(Records from a data source)
____________________

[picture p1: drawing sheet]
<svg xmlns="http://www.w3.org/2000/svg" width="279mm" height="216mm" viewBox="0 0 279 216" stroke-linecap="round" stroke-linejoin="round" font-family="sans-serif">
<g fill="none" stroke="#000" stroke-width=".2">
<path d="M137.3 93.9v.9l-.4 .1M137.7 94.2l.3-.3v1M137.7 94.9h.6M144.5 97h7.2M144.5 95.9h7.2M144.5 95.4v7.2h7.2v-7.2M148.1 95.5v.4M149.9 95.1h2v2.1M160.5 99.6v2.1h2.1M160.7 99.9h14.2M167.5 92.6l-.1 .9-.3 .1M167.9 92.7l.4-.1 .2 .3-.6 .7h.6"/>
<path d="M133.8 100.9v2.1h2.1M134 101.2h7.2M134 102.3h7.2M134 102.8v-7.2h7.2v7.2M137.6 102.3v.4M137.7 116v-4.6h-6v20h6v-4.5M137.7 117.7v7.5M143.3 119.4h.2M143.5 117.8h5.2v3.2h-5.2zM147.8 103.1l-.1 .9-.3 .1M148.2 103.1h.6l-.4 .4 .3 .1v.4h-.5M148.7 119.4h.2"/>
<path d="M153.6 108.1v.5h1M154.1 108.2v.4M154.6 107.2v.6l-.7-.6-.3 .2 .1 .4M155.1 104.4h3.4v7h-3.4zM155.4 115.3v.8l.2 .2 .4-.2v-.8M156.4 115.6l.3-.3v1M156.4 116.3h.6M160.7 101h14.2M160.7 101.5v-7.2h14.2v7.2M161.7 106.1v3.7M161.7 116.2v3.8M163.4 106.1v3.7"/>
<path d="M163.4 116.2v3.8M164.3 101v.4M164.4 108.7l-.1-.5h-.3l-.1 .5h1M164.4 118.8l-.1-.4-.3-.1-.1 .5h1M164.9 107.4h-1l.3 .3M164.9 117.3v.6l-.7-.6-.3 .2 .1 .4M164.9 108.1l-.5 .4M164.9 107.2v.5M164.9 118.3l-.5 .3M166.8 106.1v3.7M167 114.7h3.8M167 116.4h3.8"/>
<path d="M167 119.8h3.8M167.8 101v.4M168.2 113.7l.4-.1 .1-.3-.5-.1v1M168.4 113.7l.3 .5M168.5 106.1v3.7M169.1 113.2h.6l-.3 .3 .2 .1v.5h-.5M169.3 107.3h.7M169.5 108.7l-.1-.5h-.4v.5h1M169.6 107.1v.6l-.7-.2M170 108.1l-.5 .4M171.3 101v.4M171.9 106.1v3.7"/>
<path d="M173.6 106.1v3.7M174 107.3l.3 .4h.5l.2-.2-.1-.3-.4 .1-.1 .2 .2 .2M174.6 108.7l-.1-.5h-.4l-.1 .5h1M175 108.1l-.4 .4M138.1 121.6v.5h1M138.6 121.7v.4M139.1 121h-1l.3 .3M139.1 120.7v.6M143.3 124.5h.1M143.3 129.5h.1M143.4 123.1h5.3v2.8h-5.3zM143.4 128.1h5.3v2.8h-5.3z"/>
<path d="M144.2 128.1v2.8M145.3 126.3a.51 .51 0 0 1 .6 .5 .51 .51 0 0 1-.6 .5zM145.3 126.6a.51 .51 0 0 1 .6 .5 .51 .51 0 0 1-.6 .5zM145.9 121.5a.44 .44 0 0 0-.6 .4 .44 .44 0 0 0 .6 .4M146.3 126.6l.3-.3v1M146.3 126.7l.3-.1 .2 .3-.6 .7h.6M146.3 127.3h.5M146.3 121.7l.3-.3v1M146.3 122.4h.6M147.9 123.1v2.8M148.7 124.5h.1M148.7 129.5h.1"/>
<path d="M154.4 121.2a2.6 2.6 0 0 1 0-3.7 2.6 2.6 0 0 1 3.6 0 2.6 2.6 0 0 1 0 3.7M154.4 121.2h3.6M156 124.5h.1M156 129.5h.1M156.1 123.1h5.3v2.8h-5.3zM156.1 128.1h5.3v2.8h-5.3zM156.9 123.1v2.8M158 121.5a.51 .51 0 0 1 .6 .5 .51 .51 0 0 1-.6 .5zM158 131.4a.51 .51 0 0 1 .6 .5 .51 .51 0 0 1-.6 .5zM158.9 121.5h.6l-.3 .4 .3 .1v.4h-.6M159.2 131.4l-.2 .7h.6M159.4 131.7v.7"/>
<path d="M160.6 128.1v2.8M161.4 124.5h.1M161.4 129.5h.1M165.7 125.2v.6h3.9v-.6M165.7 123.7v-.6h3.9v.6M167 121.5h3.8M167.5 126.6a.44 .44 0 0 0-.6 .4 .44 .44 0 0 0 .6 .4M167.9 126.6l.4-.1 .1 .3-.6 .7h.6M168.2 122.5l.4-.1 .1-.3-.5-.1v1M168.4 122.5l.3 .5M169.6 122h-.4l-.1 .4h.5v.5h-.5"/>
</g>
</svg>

____________________

> EXERCISE: In full and word for word, restate the data.

> ANSWER TO THIS PROBLEM:
[picture p1: drawing sheet]
<svg xmlns="http://www.w3.org/2000/svg" width="279mm" height="216mm" viewBox="0 0 279 216" stroke-linecap="round" stroke-linejoin="round" font-family="sans-serif">
<g fill="none" stroke="#000" stroke-width=".2">
<path d="M137.3 93.9v.9l-.4 .1M137.7 94.2l.3-.3v1M137.7 94.9h.6M144.5 97h7.2M144.5 95.9h7.2M144.5 95.4v7.2h7.2v-7.2M148.1 95.5v.4M149.9 95.1h2v2.1M160.5 99.6v2.1h2.1M160.7 99.9h14.2M167.5 92.6l-.1 .9-.3 .1M167.9 92.7l.4-.1 .2 .3-.6 .7h.6"/>
<path d="M133.8 100.9v2.1h2.1M134 101.2h7.2M134 102.3h7.2M134 102.8v-7.2h7.2v7.2M137.6 102.3v.4M137.7 116v-4.6h-6v20h6v-4.5M137.7 117.7v7.5M143.3 119.4h.2M143.5 117.8h5.2v3.2h-5.2zM147.8 103.1l-.1 .9-.3 .1M148.2 103.1h.6l-.4 .4 .3 .1v.4h-.5M148.7 119.4h.2"/>
<path d="M153.6 108.1v.5h1M154.1 108.2v.4M154.6 107.2v.6l-.7-.6-.3 .2 .1 .4M155.1 104.4h3.4v7h-3.4zM155.4 115.3v.8l.2 .2 .4-.2v-.8M156.4 115.6l.3-.3v1M156.4 116.3h.6M160.7 101h14.2M160.7 101.5v-7.2h14.2v7.2M161.7 106.1v3.7M161.7 116.2v3.8M163.4 106.1v3.7"/>
<path d="M163.4 116.2v3.8M164.3 101v.4M164.4 108.7l-.1-.5h-.3l-.1 .5h1M164.4 118.8l-.1-.4-.3-.1-.1 .5h1M164.9 107.4h-1l.3 .3M164.9 117.3v.6l-.7-.6-.3 .2 .1 .4M164.9 108.1l-.5 .4M164.9 107.2v.5M164.9 118.3l-.5 .3M166.8 106.1v3.7M167 114.7h3.8M167 116.4h3.8"/>
<path d="M167 119.8h3.8M167.8 101v.4M168.2 113.7l.4-.1 .1-.3-.5-.1v1M168.4 113.7l.3 .5M168.5 106.1v3.7M169.1 113.2h.6l-.3 .3 .2 .1v.5h-.5M169.3 107.3h.7M169.5 108.7l-.1-.5h-.4v.5h1M169.6 107.1v.6l-.7-.2M170 108.1l-.5 .4M171.3 101v.4M171.9 106.1v3.7"/>
<path d="M173.6 106.1v3.7M174 107.3l.3 .4h.5l.2-.2-.1-.3-.4 .1-.1 .2 .2 .2M174.6 108.7l-.1-.5h-.4l-.1 .5h1M175 108.1l-.4 .4M138.1 121.6v.5h1M138.6 121.7v.4M139.1 121h-1l.3 .3M139.1 120.7v.6M143.3 124.5h.1M143.3 129.5h.1M143.4 123.1h5.3v2.8h-5.3zM143.4 128.1h5.3v2.8h-5.3z"/>
<path d="M144.2 128.1v2.8M145.3 126.3a.51 .51 0 0 1 .6 .5 .51 .51 0 0 1-.6 .5zM145.3 126.6a.51 .51 0 0 1 .6 .5 .51 .51 0 0 1-.6 .5zM145.9 121.5a.44 .44 0 0 0-.6 .4 .44 .44 0 0 0 .6 .4M146.3 126.6l.3-.3v1M146.3 126.7l.3-.1 .2 .3-.6 .7h.6M146.3 127.3h.5M146.3 121.7l.3-.3v1M146.3 122.4h.6M147.9 123.1v2.8M148.7 124.5h.1M148.7 129.5h.1"/>
<path d="M154.4 121.2a2.6 2.6 0 0 1 0-3.7 2.6 2.6 0 0 1 3.6 0 2.6 2.6 0 0 1 0 3.7M154.4 121.2h3.6M156 124.5h.1M156 129.5h.1M156.1 123.1h5.3v2.8h-5.3zM156.1 128.1h5.3v2.8h-5.3zM156.9 123.1v2.8M158 121.5a.51 .51 0 0 1 .6 .5 .51 .51 0 0 1-.6 .5zM158 131.4a.51 .51 0 0 1 .6 .5 .51 .51 0 0 1-.6 .5zM158.9 121.5h.6l-.3 .4 .3 .1v.4h-.6M159.2 131.4l-.2 .7h.6M159.4 131.7v.7"/>
<path d="M160.6 128.1v2.8M161.4 124.5h.1M161.4 129.5h.1M165.7 125.2v.6h3.9v-.6M165.7 123.7v-.6h3.9v.6M167 121.5h3.8M167.5 126.6a.44 .44 0 0 0-.6 .4 .44 .44 0 0 0 .6 .4M167.9 126.6l.4-.1 .1 .3-.6 .7h.6M168.2 122.5l.4-.1 .1-.3-.5-.1v1M168.4 122.5l.3 .5M169.6 122h-.4l-.1 .4h.5v.5h-.5"/>
</g>
</svg>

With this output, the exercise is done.